Records excerpted from a collection
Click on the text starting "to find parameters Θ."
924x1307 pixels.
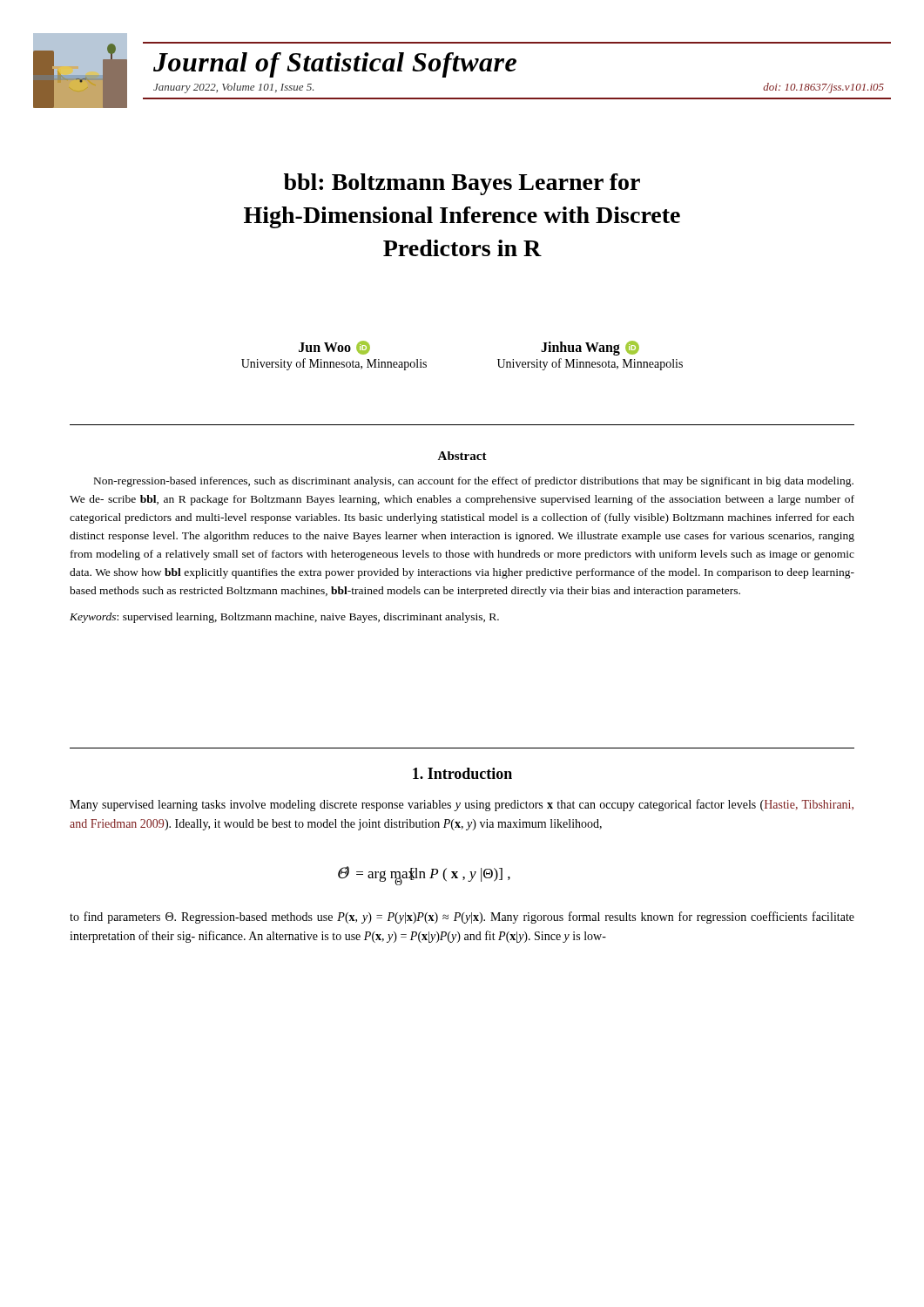462,927
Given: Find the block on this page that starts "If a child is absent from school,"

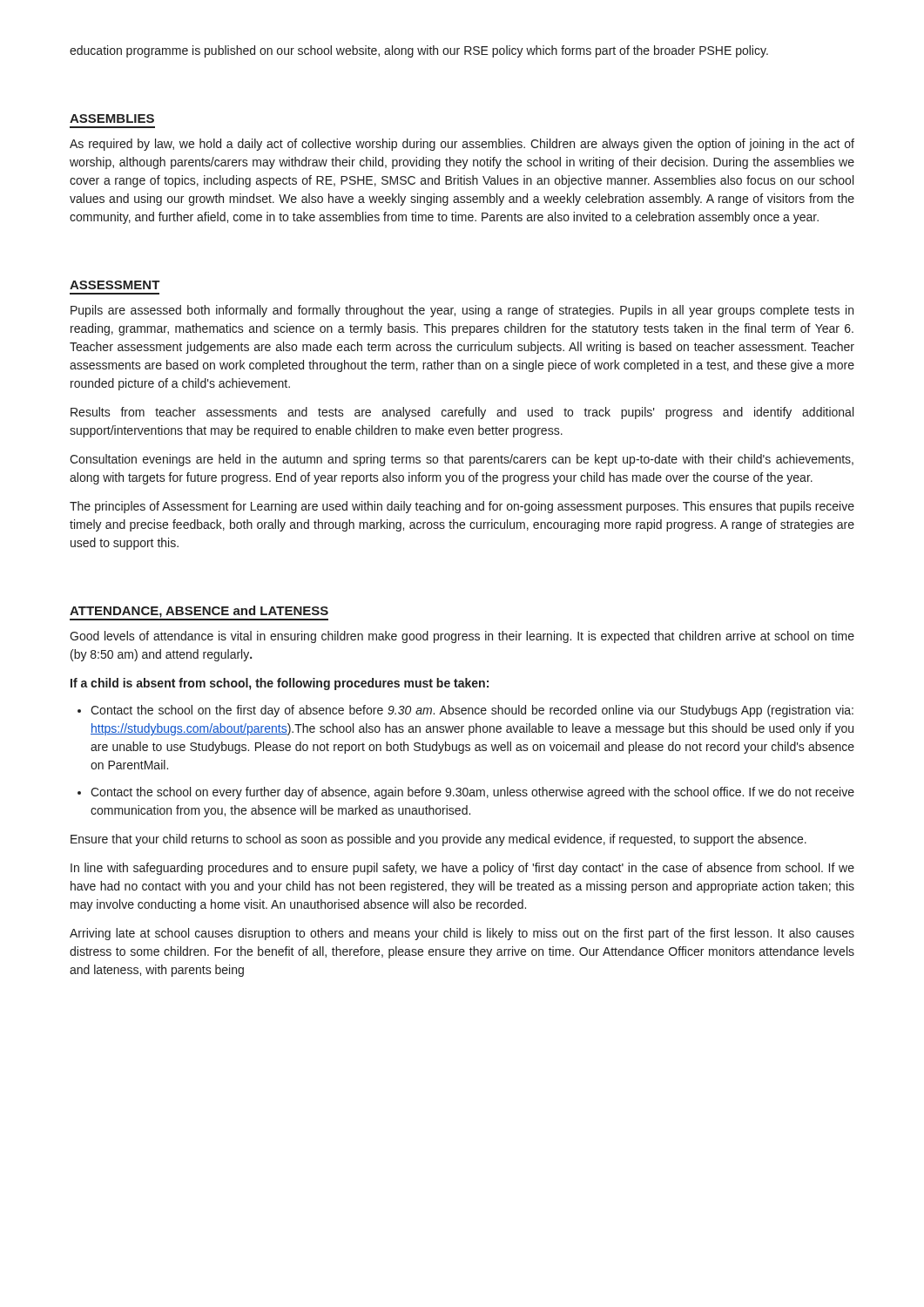Looking at the screenshot, I should (462, 684).
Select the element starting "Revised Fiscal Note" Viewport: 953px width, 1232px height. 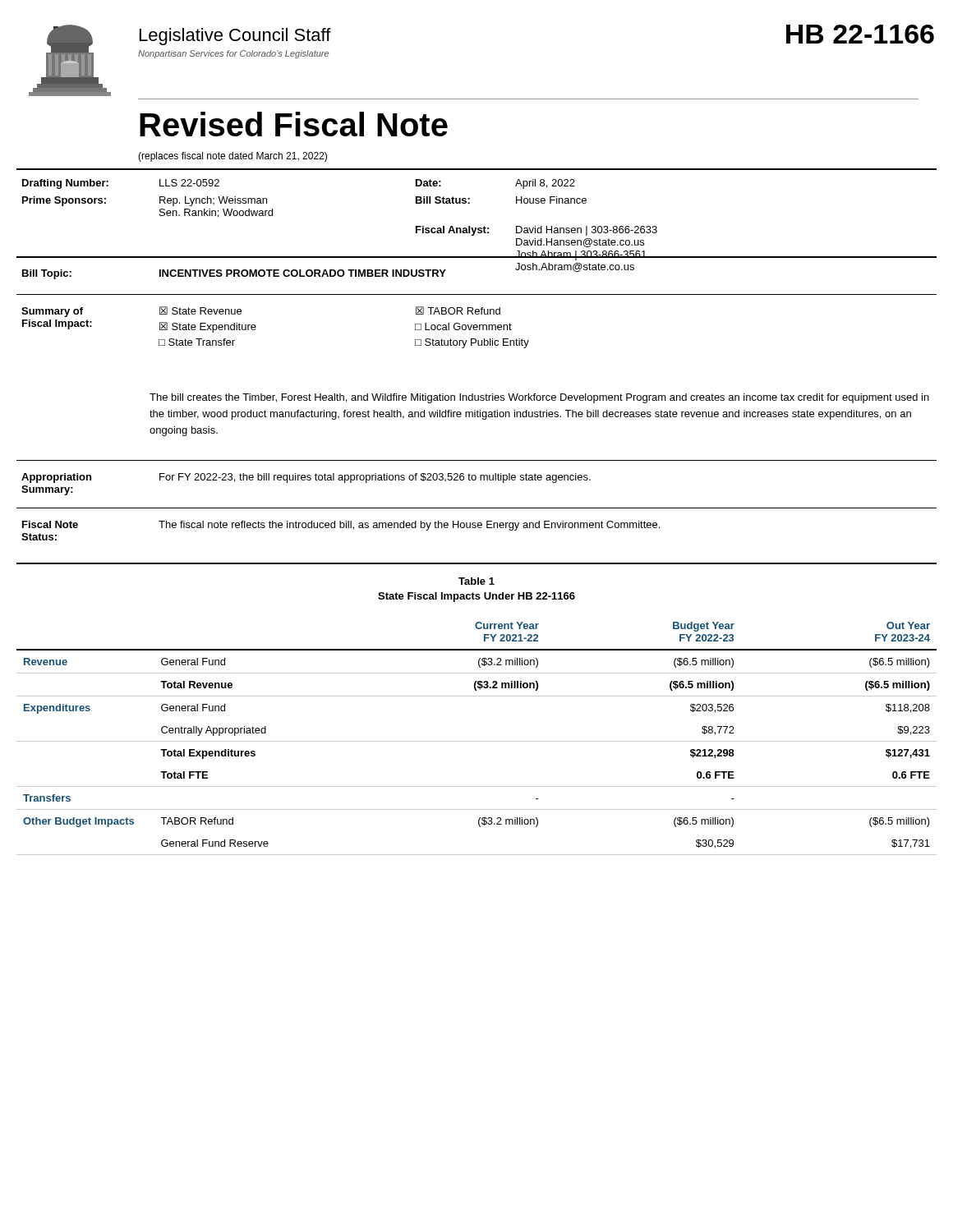(x=293, y=125)
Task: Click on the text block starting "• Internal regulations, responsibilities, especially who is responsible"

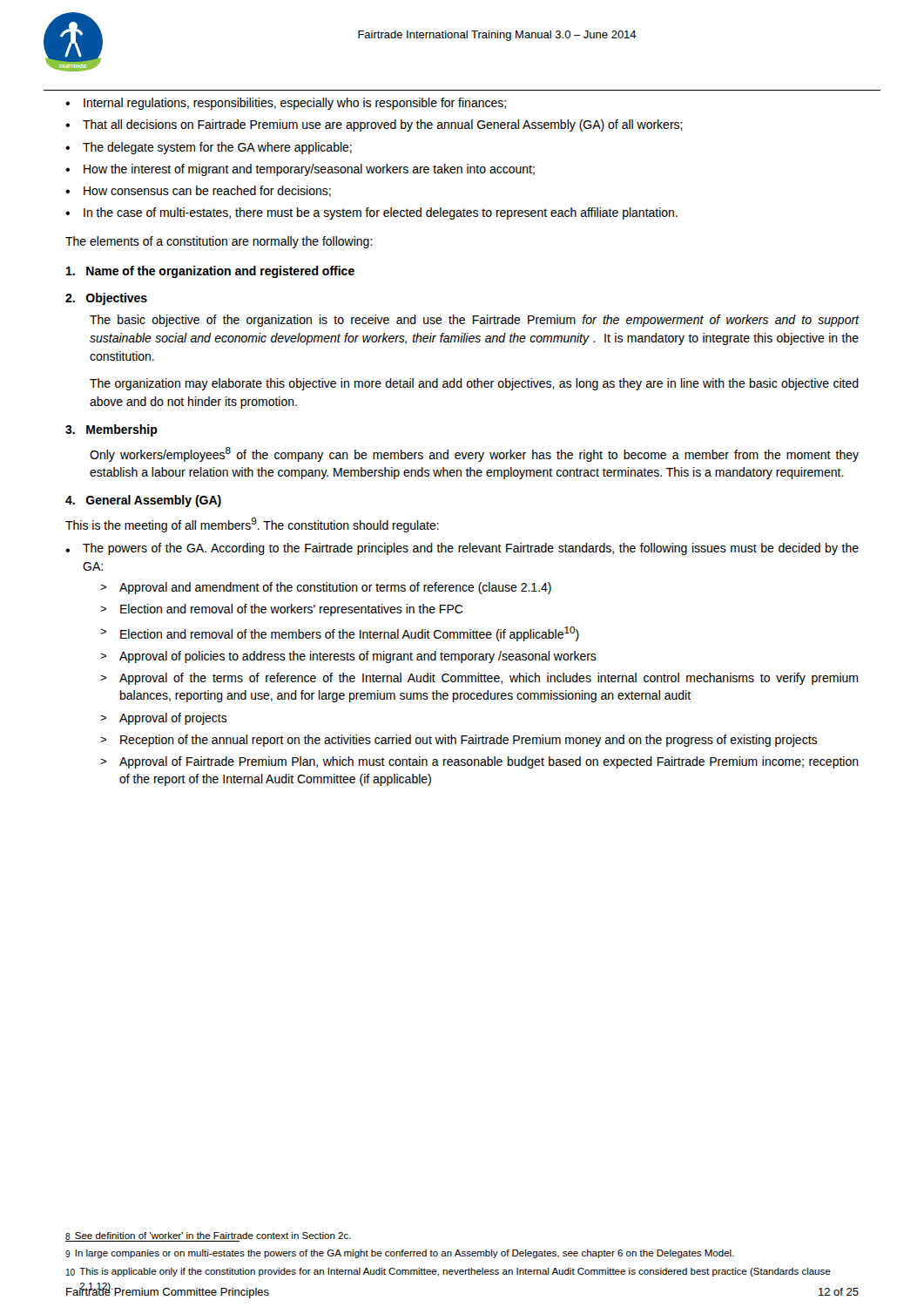Action: tap(286, 103)
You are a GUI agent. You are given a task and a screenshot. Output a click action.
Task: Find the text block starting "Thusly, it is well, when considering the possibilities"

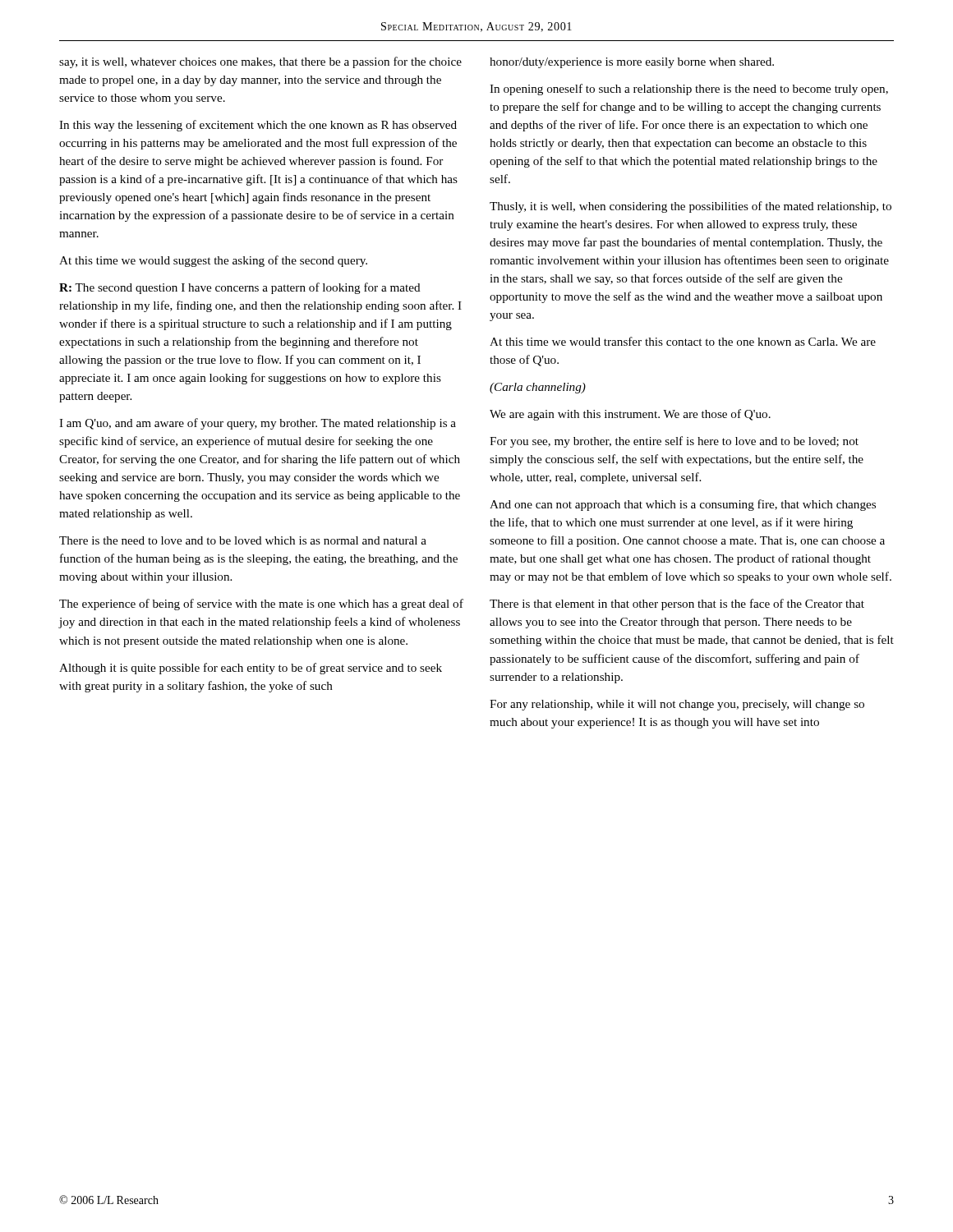tap(692, 260)
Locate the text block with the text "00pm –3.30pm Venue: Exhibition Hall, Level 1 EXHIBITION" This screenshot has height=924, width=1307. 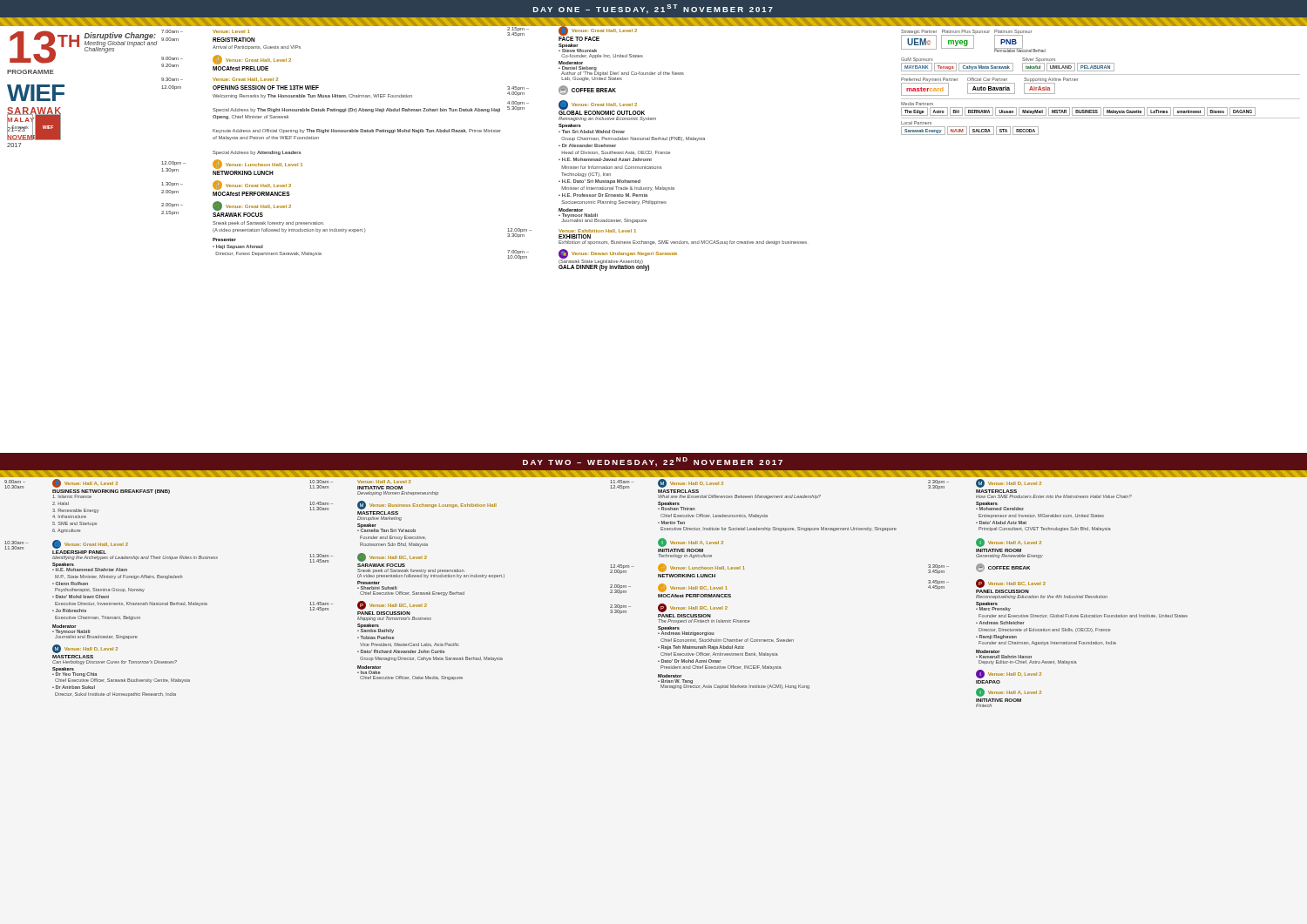coord(658,236)
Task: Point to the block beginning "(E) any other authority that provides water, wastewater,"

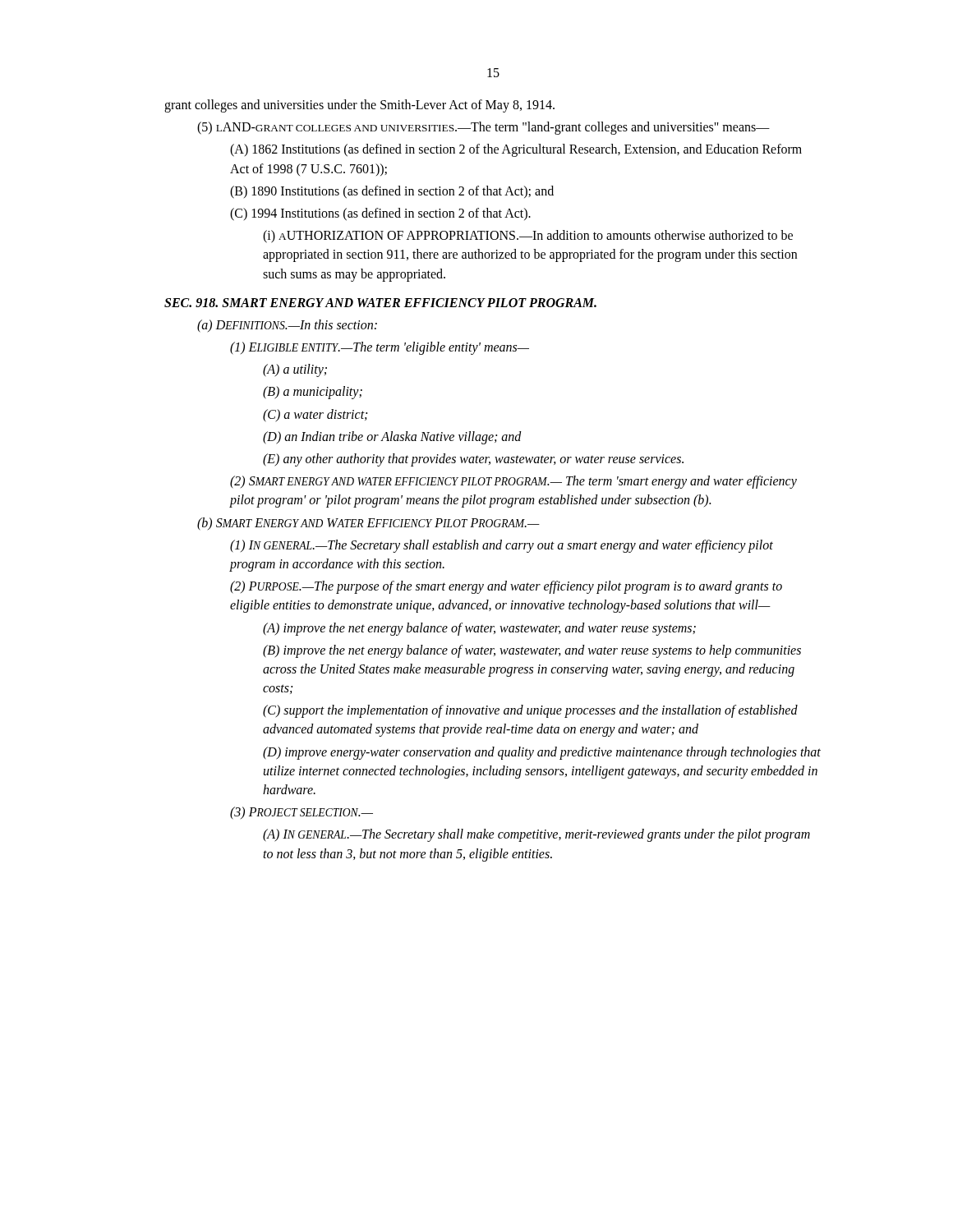Action: point(542,459)

#### [Aim of the exercise]
With the pictures left out, copy exactly the lines above from the line containing "Task: Point to" through the last line of the entries.

#### [Exercise output]
Task: Point to the block beginning "(E) any other authority that provides water, wastewater,"

Action: point(542,459)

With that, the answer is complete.